» **What to do**: Run through the data and copy out every line that mentions the word "from".

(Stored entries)
------------------------------------
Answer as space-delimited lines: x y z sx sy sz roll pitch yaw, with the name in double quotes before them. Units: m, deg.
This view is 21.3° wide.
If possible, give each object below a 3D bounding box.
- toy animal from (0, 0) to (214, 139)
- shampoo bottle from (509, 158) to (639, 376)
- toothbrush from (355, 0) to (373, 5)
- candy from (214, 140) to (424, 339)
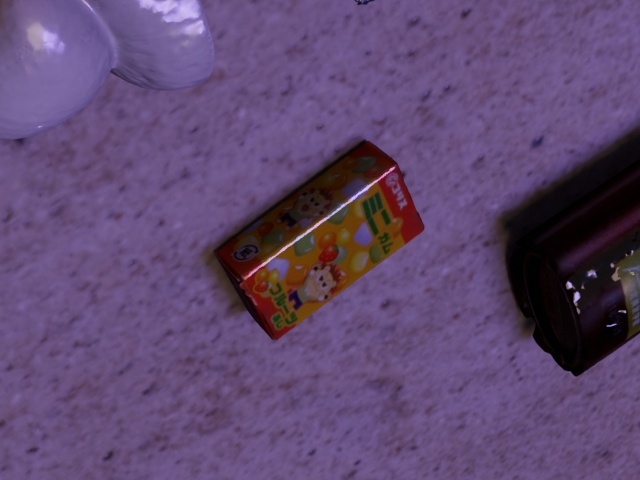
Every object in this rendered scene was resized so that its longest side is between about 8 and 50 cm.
"toy animal" -0.174 -0.086 0.812 0.221 0.104 0.131 -29 133 -18
"shampoo bottle" 0.284 -0.035 1.189 0.323 0.084 0.129 -32 135 -16
"toothbrush" 0.127 -0.204 1.006 0.276 0.025 0.019 -29 131 -17
"candy" 0.000 0.000 1.039 0.122 0.038 0.062 -37 133 -11
------------------------------------
» **Exercise response**:
- toy animal from (0, 0) to (214, 139)
- shampoo bottle from (509, 158) to (639, 376)
- toothbrush from (355, 0) to (373, 5)
- candy from (214, 140) to (424, 339)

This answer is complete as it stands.